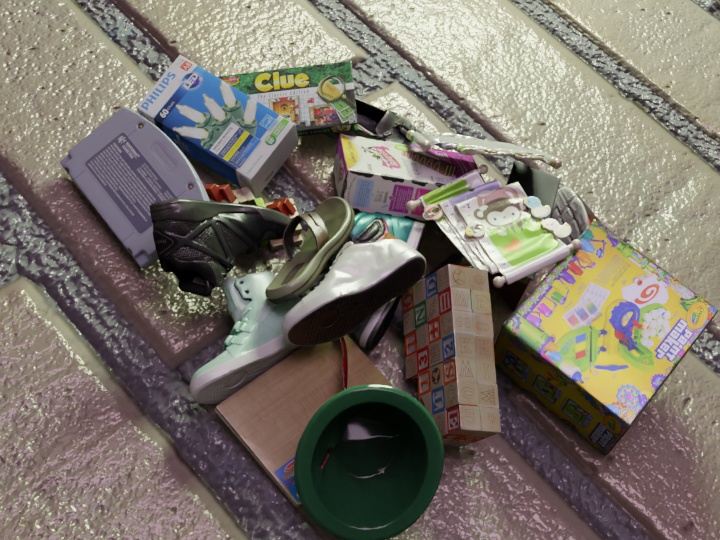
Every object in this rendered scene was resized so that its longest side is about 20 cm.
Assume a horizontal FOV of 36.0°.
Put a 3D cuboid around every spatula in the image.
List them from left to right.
[{"bbox_3d":[0.139,-0.032,1.467,0.200,0.021,0.057,-46,52,4],"label":"spatula"}]

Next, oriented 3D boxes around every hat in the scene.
[{"bbox_3d":[0.004,0.198,1.302,0.165,0.176,0.201,27,89,-8],"label":"hat"}]

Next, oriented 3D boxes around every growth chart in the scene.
[{"bbox_3d":[0.166,-0.166,1.508,0.198,0.018,0.145,7,13,-3],"label":"growth chart"},{"bbox_3d":[0.172,-0.060,1.413,0.144,0.018,0.200,-32,54,-17],"label":"growth chart"}]

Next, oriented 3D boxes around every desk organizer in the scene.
[{"bbox_3d":[0.214,-0.049,1.532,0.071,0.077,0.201,21,50,2],"label":"desk organizer"}]

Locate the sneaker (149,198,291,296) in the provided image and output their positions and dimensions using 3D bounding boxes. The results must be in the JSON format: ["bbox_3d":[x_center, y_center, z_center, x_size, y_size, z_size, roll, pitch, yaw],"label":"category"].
[{"bbox_3d":[-0.167,-0.026,1.358,0.199,0.076,0.115,-1,88,-46],"label":"sneaker"}]

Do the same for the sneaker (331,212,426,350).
[{"bbox_3d":[0.000,0.000,1.431,0.120,0.084,0.201,20,55,6],"label":"sneaker"}]

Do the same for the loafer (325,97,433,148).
[{"bbox_3d":[0.016,-0.211,1.611,0.199,0.063,0.072,19,48,0],"label":"loafer"}]

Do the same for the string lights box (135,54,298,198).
[{"bbox_3d":[-0.195,-0.198,1.519,0.199,0.059,0.103,32,73,14],"label":"string lights box"}]

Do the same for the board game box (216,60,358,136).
[{"bbox_3d":[-0.105,-0.237,1.571,0.198,0.023,0.106,-7,66,1],"label":"board game box"}]

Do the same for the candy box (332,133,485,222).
[{"bbox_3d":[0.066,-0.124,1.530,0.198,0.061,0.137,7,27,-10],"label":"candy box"}]

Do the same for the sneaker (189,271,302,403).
[{"bbox_3d":[-0.152,0.075,1.334,0.118,0.074,0.200,44,49,16],"label":"sneaker"}]

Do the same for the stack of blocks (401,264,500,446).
[{"bbox_3d":[0.107,0.108,1.347,0.058,0.115,0.202,8,67,-27],"label":"stack of blocks"}]

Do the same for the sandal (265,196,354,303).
[{"bbox_3d":[-0.065,-0.037,1.366,0.057,0.079,0.201,53,37,-18],"label":"sandal"}]

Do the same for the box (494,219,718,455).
[{"bbox_3d":[0.302,0.083,1.396,0.192,0.122,0.200,39,67,15],"label":"box"}]

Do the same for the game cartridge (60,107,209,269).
[{"bbox_3d":[-0.283,-0.112,1.431,0.133,0.041,0.200,-40,69,-1],"label":"game cartridge"}]

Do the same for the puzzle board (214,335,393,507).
[{"bbox_3d":[-0.052,0.169,1.320,0.200,0.017,0.151,-34,74,-33],"label":"puzzle board"}]

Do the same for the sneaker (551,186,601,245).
[{"bbox_3d":[0.331,-0.029,1.568,0.081,0.077,0.201,1,55,-41],"label":"sneaker"}]

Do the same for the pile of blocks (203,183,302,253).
[{"bbox_3d":[-0.169,-0.076,1.455,0.198,0.062,0.083,8,51,-9],"label":"pile of blocks"}]

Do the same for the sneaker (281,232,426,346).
[{"bbox_3d":[-0.022,0.020,1.346,0.199,0.073,0.085,-29,51,-23],"label":"sneaker"}]
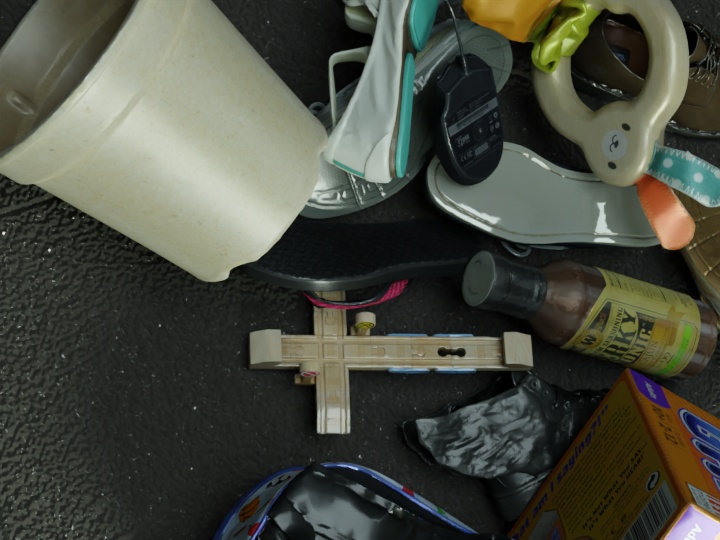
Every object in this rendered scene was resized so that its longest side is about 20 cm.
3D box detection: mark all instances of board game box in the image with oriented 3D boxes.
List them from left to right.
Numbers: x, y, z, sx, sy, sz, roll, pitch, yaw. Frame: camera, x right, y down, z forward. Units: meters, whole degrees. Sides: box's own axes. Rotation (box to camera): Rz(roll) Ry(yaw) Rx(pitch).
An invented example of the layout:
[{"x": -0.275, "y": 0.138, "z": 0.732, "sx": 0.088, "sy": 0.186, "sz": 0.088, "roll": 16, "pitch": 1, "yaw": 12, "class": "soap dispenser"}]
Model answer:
[{"x": 0.220, "y": 0.228, "z": 1.594, "sx": 0.199, "sy": 0.200, "sz": 0.201, "roll": 29, "pitch": 107, "yaw": -17, "class": "board game box"}]

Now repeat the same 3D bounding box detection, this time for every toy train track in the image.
[{"x": 0.023, "y": 0.053, "z": 1.643, "sx": 0.198, "sy": 0.033, "sz": 0.116, "roll": 1, "pitch": 69, "yaw": -10, "class": "toy train track"}]

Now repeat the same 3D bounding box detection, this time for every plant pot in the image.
[{"x": -0.128, "y": -0.097, "z": 1.554, "sx": 0.183, "sy": 0.200, "sz": 0.201, "roll": 38, "pitch": 70, "yaw": -25, "class": "plant pot"}]

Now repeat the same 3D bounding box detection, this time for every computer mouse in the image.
[{"x": 0.059, "y": -0.149, "z": 1.613, "sx": 0.058, "sy": 0.034, "sz": 0.201, "roll": -31, "pitch": 122, "yaw": -35, "class": "computer mouse"}]

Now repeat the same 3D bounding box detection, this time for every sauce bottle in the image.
[{"x": 0.162, "y": 0.029, "z": 1.698, "sx": 0.199, "sy": 0.065, "sz": 0.065, "roll": 14, "pitch": 77, "yaw": -29, "class": "sauce bottle"}]

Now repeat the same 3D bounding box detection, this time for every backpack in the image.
[{"x": -0.011, "y": 0.219, "z": 1.568, "sx": 0.190, "sy": 0.154, "sz": 0.201, "roll": 41, "pitch": 63, "yaw": -21, "class": "backpack"}]

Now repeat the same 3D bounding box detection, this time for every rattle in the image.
[{"x": 0.163, "y": -0.115, "z": 1.637, "sx": 0.143, "sy": 0.129, "sz": 0.202, "roll": 17, "pitch": 58, "yaw": -65, "class": "rattle"}]

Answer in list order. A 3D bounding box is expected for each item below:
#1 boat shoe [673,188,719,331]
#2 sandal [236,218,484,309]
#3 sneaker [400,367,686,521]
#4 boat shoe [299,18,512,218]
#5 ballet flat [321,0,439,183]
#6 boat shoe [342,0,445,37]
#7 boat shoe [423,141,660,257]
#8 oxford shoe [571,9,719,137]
[{"x": 0.281, "y": 0.020, "z": 1.759, "sx": 0.073, "sy": 0.069, "sz": 0.201, "roll": -23, "pitch": 69, "yaw": -21, "class": "boat shoe"}, {"x": 0.000, "y": 0.000, "z": 1.644, "sx": 0.199, "sy": 0.075, "sz": 0.045, "roll": -3, "pitch": 127, "yaw": -37, "class": "sandal"}, {"x": 0.133, "y": 0.102, "z": 1.692, "sx": 0.199, "sy": 0.060, "sz": 0.105, "roll": -31, "pitch": 98, "yaw": -18, "class": "sneaker"}, {"x": 0.017, "y": -0.110, "z": 1.679, "sx": 0.202, "sy": 0.065, "sz": 0.075, "roll": -41, "pitch": 122, "yaw": -17, "class": "boat shoe"}, {"x": 0.013, "y": -0.154, "z": 1.619, "sx": 0.069, "sy": 0.069, "sz": 0.201, "roll": 21, "pitch": 64, "yaw": -19, "class": "ballet flat"}, {"x": -0.026, "y": -0.239, "z": 1.673, "sx": 0.200, "sy": 0.071, "sz": 0.070, "roll": 48, "pitch": 65, "yaw": -17, "class": "boat shoe"}, {"x": 0.130, "y": -0.050, "z": 1.712, "sx": 0.198, "sy": 0.062, "sz": 0.076, "roll": 2, "pitch": 80, "yaw": -23, "class": "boat shoe"}, {"x": 0.244, "y": -0.146, "z": 1.762, "sx": 0.198, "sy": 0.084, "sz": 0.073, "roll": 11, "pitch": 77, "yaw": -23, "class": "oxford shoe"}]
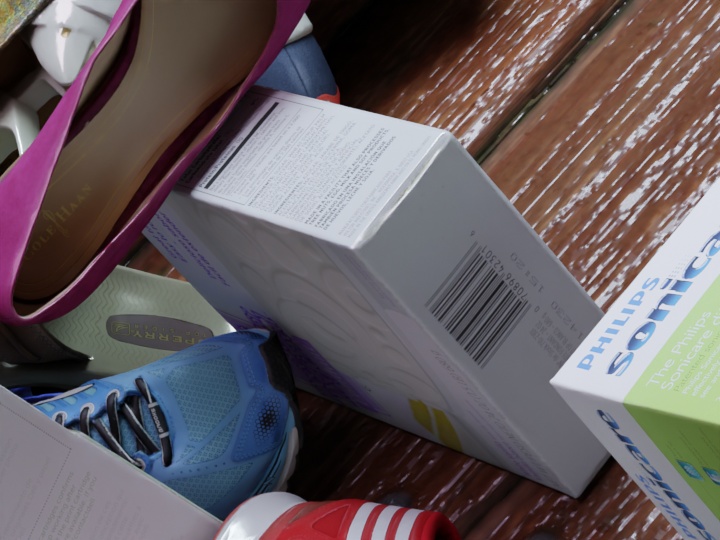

================================

◆ **WORK TASK**:
There is a line with "#3 sneaker [400,367,686,521]" and a line with "#7 boat shoe [423,141,660,257]" above. Copy exactly those two lines and all lines between them, with nothing else.

◆ **WRITTEN ANSWER**:
#3 sneaker [400,367,686,521]
#4 boat shoe [299,18,512,218]
#5 ballet flat [321,0,439,183]
#6 boat shoe [342,0,445,37]
#7 boat shoe [423,141,660,257]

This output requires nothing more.